_Problem statement_
Only the lines below from the one with "Viewport: 953px width, 1232px" through the one with "You are a computer-use" are to be written out, exactly and without any images.

_Task input_
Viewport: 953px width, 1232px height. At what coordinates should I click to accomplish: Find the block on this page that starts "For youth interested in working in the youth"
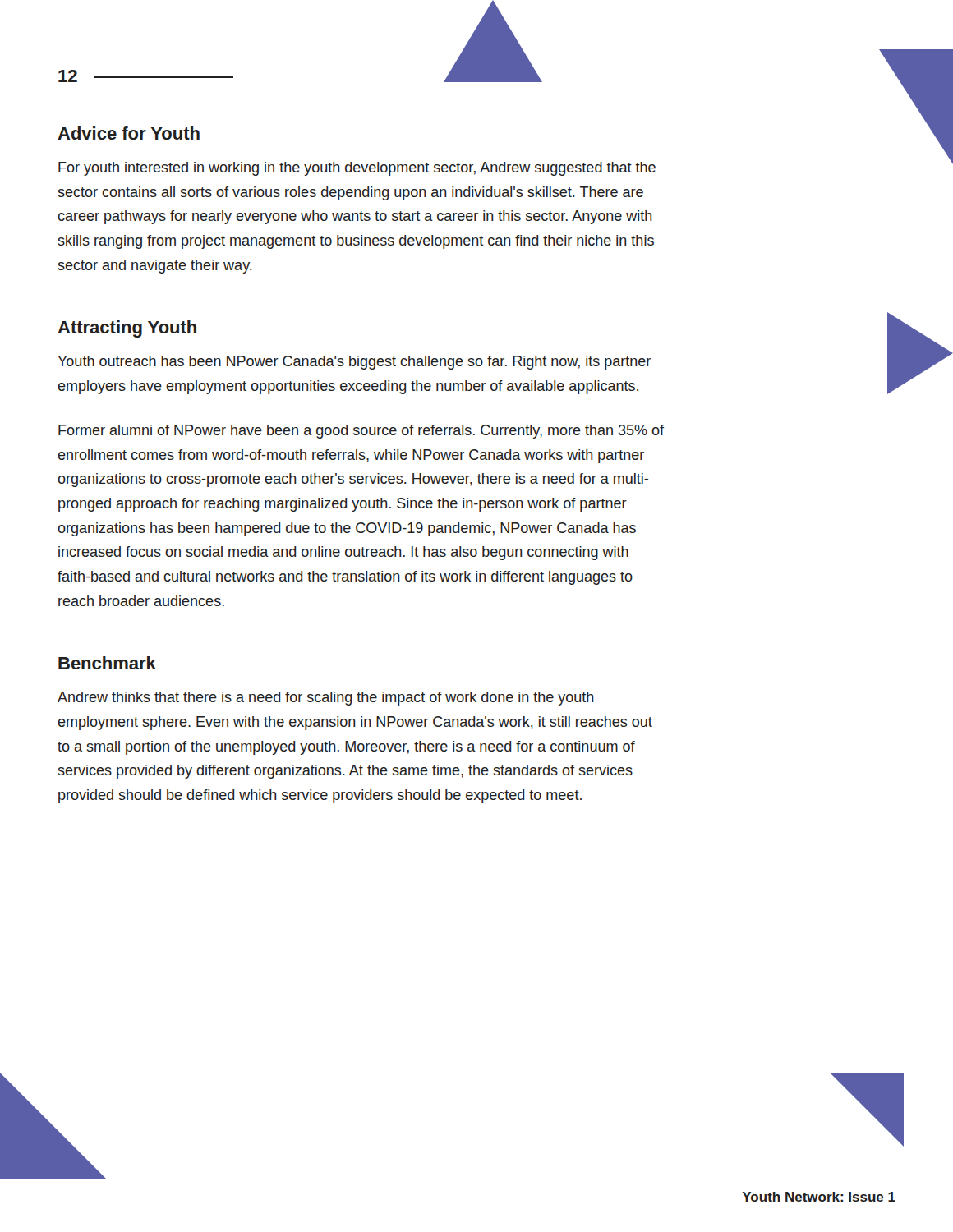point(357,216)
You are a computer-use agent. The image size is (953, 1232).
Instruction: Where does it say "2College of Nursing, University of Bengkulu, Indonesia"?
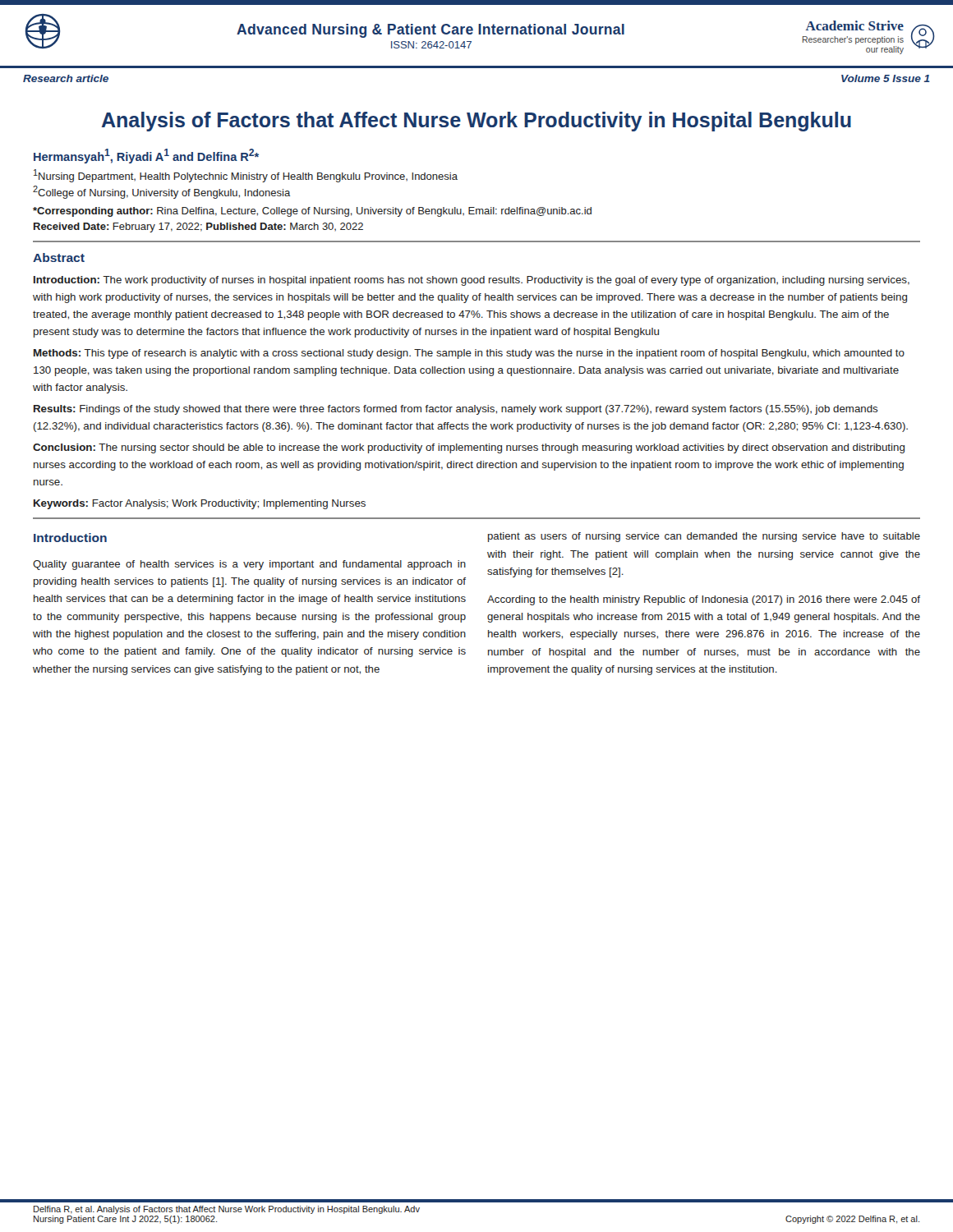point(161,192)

==

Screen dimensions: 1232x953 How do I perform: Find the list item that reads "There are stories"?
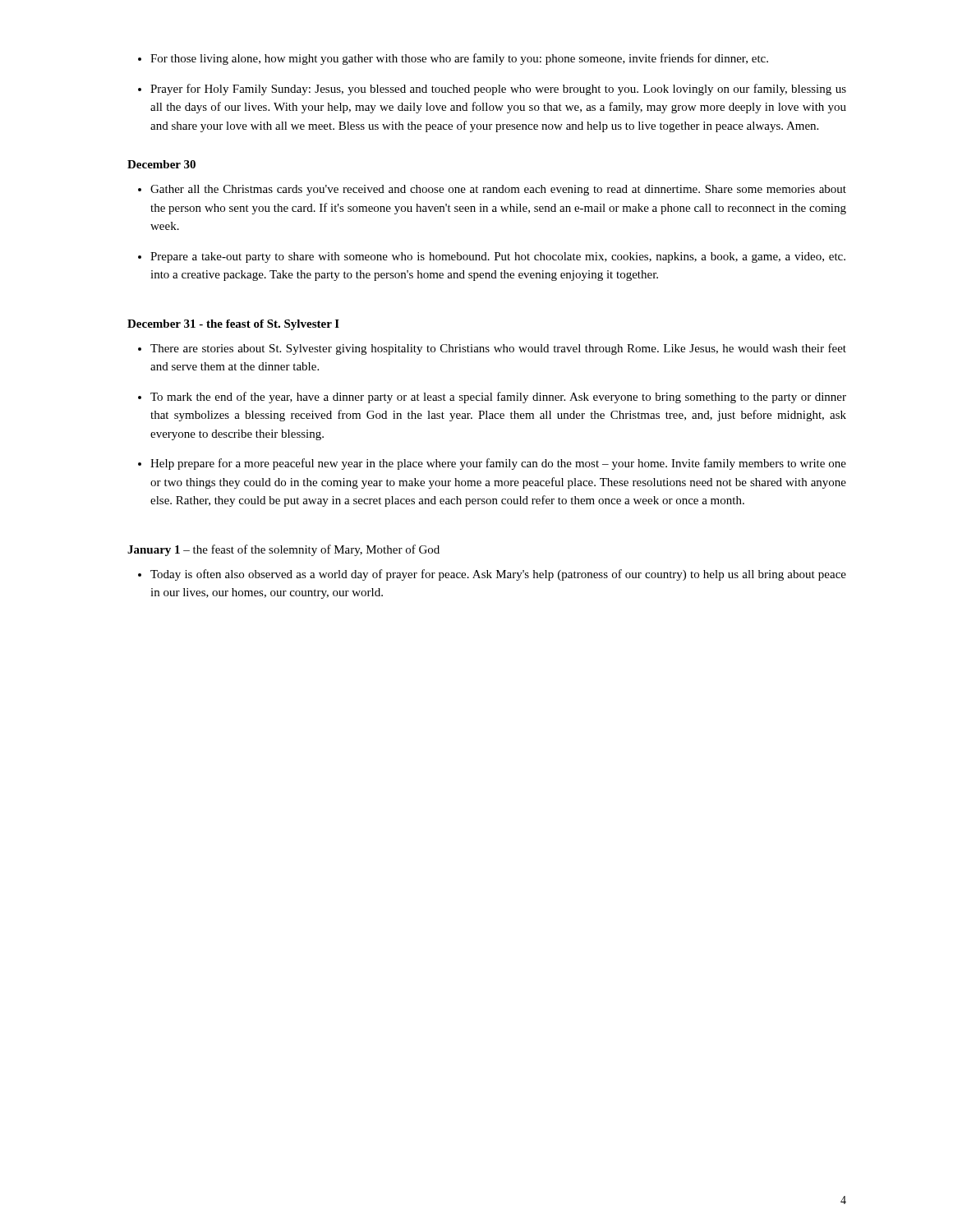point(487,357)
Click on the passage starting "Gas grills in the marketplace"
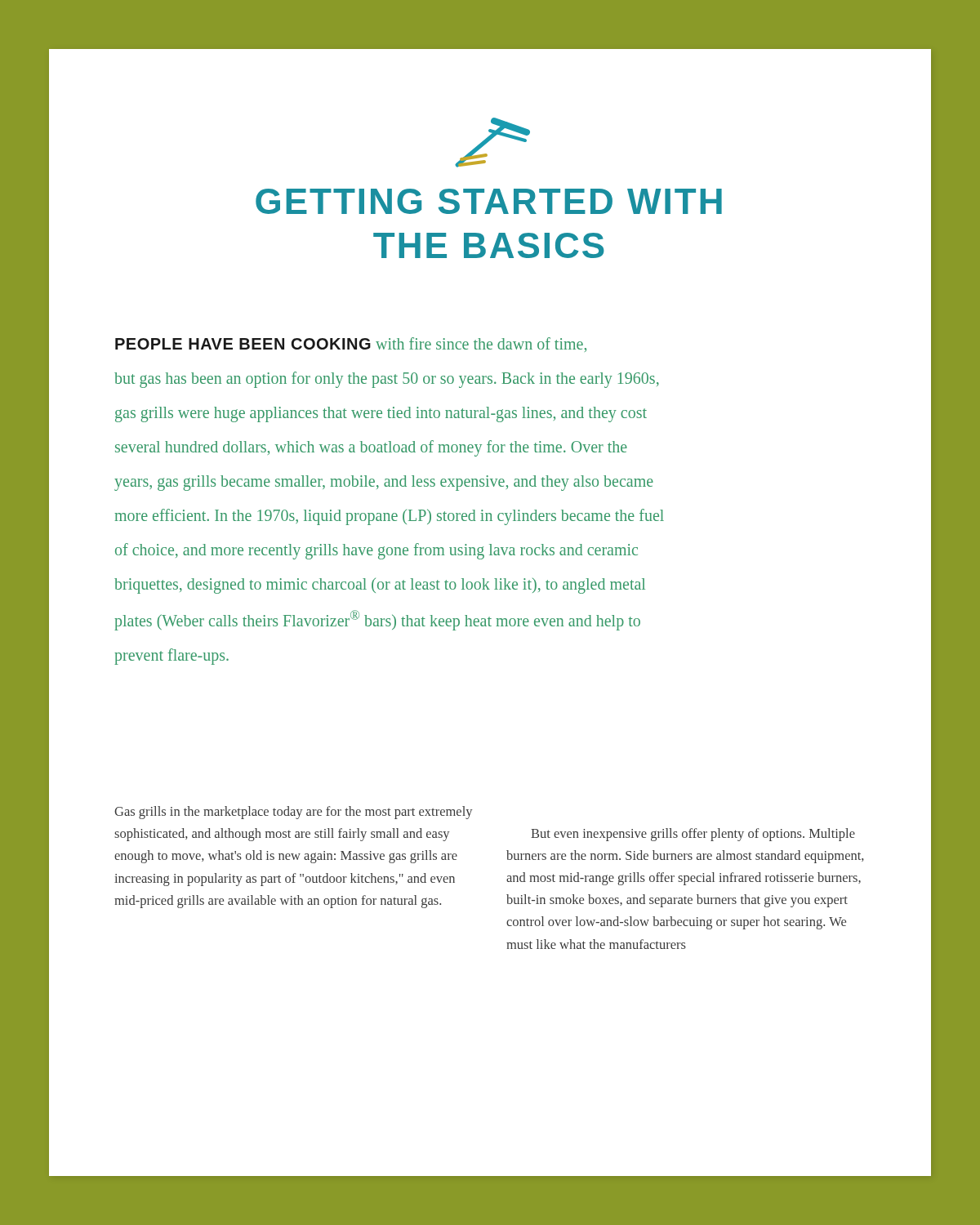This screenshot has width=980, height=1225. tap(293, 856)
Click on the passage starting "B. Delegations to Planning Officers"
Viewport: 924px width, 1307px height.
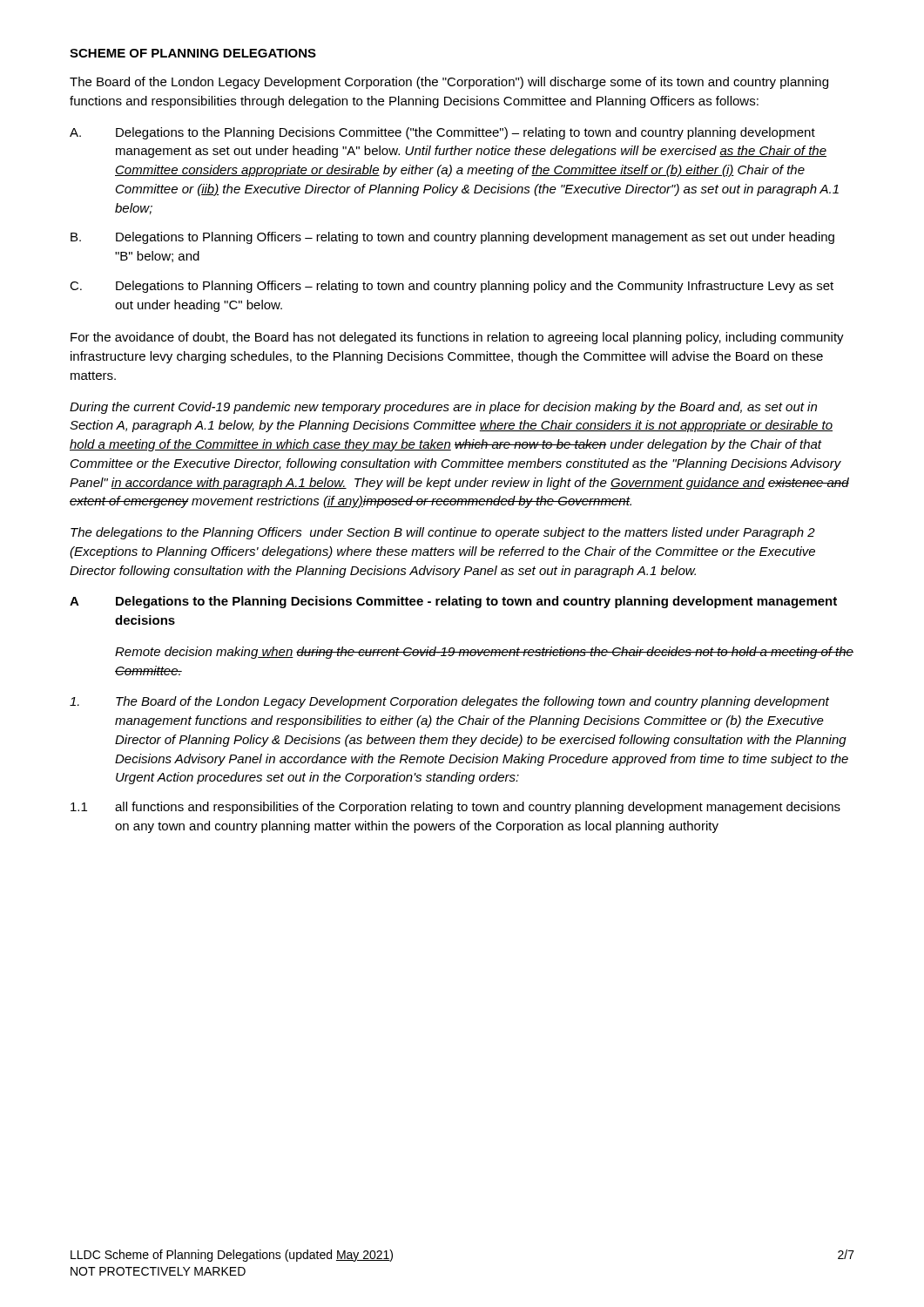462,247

--

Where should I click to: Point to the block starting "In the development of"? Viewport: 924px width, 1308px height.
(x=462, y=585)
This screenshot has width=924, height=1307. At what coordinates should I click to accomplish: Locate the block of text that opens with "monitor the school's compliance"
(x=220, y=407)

_Solution for this problem_
Viewport: 953px width, 1232px height. At what coordinates should I click to accomplish: Find the block on this page that starts "For youth interested in working in the youth"
point(357,216)
You are a computer-use agent. The image size is (953, 1232).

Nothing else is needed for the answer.